▸ Task directions
Print the records below exactly, starting at the first line and stopping after the line that contains "text Das Ziel". Leave out any pictures.

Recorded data
----

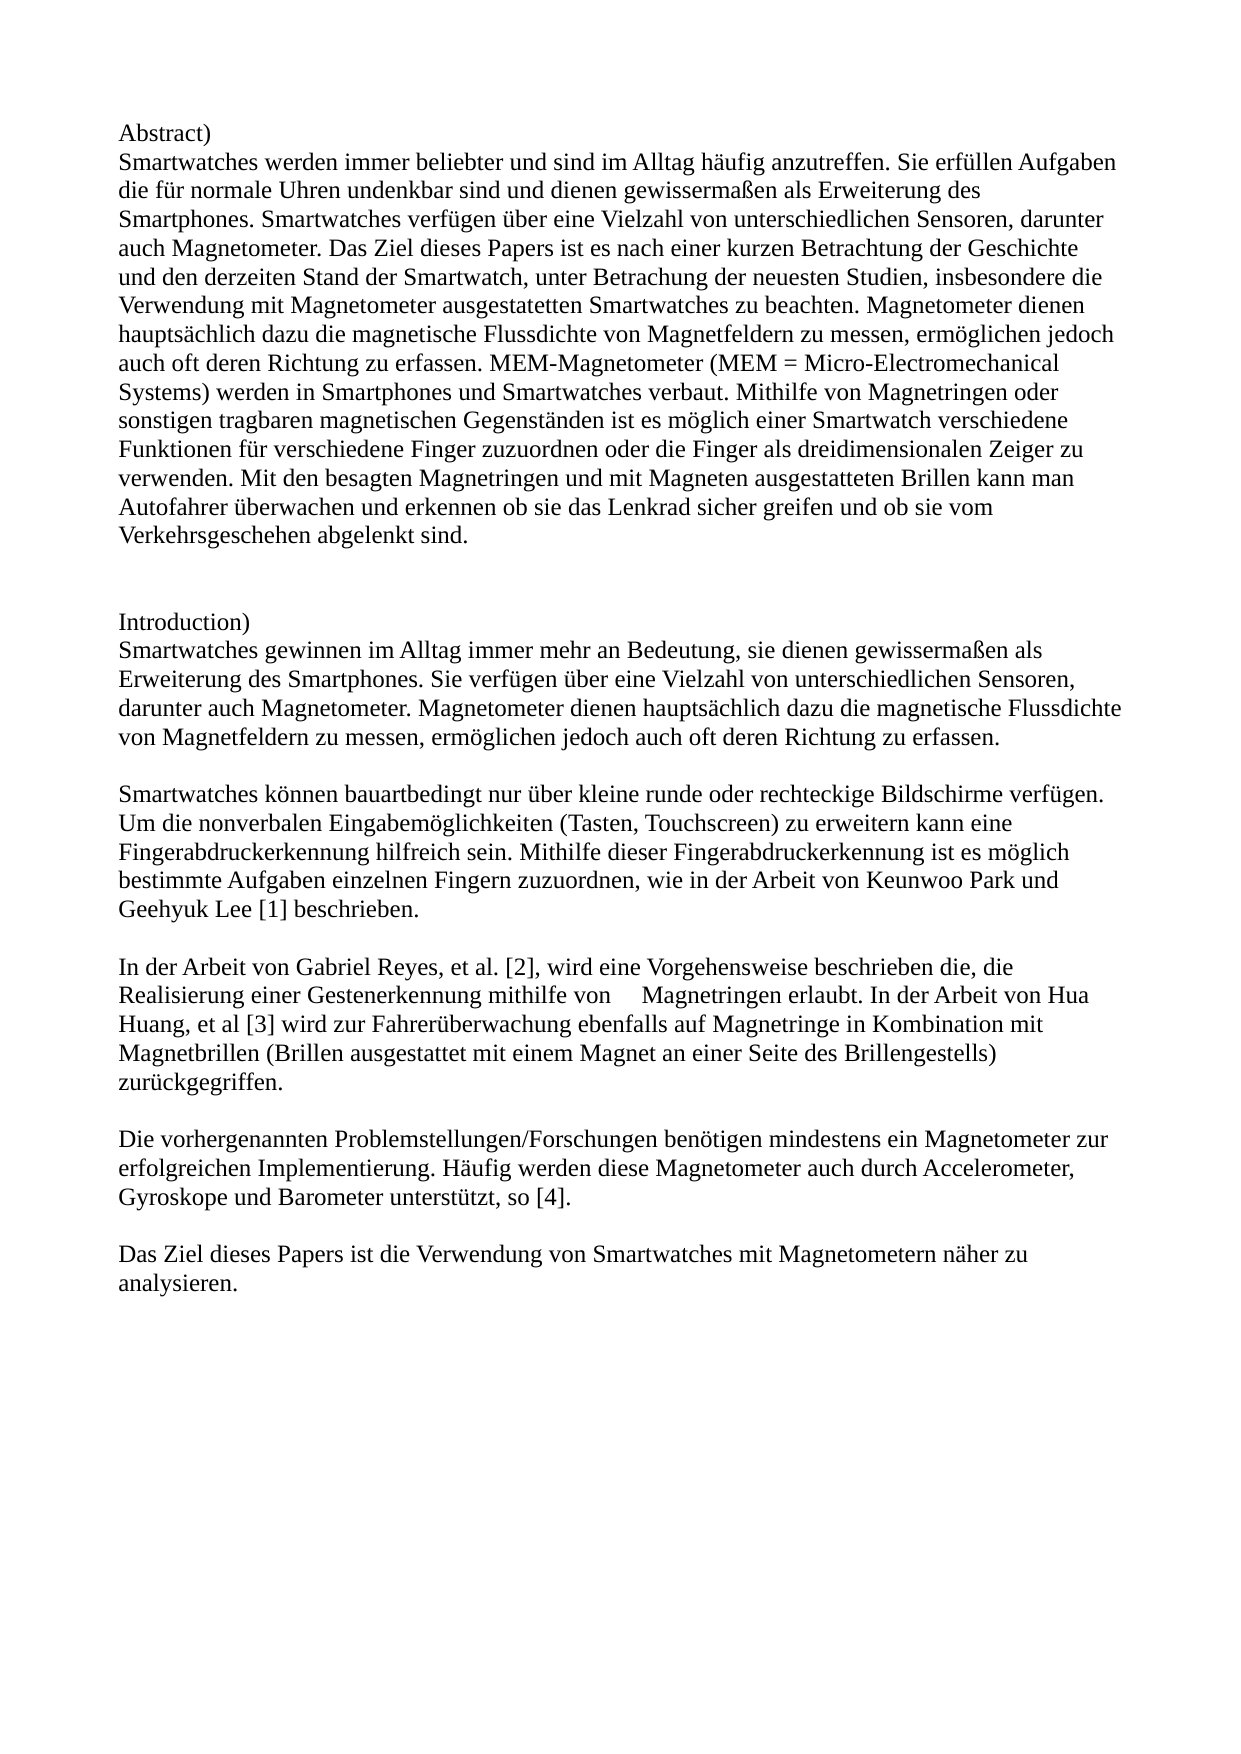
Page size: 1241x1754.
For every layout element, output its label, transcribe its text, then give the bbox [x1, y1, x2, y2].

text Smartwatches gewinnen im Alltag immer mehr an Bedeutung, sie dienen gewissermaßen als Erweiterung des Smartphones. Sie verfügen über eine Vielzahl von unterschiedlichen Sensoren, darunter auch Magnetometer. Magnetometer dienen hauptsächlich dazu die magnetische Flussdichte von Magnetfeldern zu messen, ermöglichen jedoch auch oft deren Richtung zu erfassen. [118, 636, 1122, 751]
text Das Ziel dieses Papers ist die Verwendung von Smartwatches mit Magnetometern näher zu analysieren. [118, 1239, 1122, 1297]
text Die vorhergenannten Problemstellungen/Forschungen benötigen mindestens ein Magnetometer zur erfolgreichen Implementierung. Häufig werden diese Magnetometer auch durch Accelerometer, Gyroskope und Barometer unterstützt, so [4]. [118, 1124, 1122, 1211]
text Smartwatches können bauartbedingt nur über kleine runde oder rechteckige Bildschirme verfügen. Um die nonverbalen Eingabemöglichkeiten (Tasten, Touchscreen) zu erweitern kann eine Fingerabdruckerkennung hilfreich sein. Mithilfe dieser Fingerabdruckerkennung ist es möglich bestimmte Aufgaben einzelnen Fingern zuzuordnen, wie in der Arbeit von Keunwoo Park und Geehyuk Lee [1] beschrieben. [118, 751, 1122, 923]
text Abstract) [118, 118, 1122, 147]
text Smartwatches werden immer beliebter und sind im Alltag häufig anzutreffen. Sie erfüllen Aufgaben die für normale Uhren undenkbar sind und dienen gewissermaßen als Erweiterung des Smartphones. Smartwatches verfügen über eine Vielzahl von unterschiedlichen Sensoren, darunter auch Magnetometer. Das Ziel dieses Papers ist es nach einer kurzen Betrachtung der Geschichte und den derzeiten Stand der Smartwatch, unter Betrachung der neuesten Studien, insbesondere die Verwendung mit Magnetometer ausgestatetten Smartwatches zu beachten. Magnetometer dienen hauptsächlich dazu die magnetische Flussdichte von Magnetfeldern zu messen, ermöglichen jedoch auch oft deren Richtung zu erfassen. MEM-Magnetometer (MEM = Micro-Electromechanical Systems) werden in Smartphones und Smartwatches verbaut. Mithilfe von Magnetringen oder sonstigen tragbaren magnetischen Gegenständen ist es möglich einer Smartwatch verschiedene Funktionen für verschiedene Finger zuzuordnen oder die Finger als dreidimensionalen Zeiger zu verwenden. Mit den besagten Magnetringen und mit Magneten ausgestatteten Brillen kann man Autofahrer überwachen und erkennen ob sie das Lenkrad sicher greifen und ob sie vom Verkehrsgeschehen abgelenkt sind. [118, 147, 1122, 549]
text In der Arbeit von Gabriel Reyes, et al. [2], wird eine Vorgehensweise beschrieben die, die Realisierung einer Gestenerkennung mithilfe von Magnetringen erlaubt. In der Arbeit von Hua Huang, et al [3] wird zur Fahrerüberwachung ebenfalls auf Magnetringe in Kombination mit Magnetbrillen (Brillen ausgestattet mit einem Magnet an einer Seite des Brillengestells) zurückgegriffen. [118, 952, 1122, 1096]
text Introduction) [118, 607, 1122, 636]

----

▸ Task response
Page size: 1241x1754.
For every layout element, output its label, transcribe its text, then give the bbox [x1, y1, x2, y2].

text Smartwatches gewinnen im Alltag immer mehr an Bedeutung, sie dienen gewissermaßen als Erweiterung des Smartphones. Sie verfügen über eine Vielzahl von unterschiedlichen Sensoren, darunter auch Magnetometer. Magnetometer dienen hauptsächlich dazu die magnetische Flussdichte von Magnetfeldern zu messen, ermöglichen jedoch auch oft deren Richtung zu erfassen. [118, 636, 1122, 751]
text Das Ziel dieses Papers ist die Verwendung von Smartwatches mit Magnetometern näher zu analysieren. [118, 1239, 1122, 1297]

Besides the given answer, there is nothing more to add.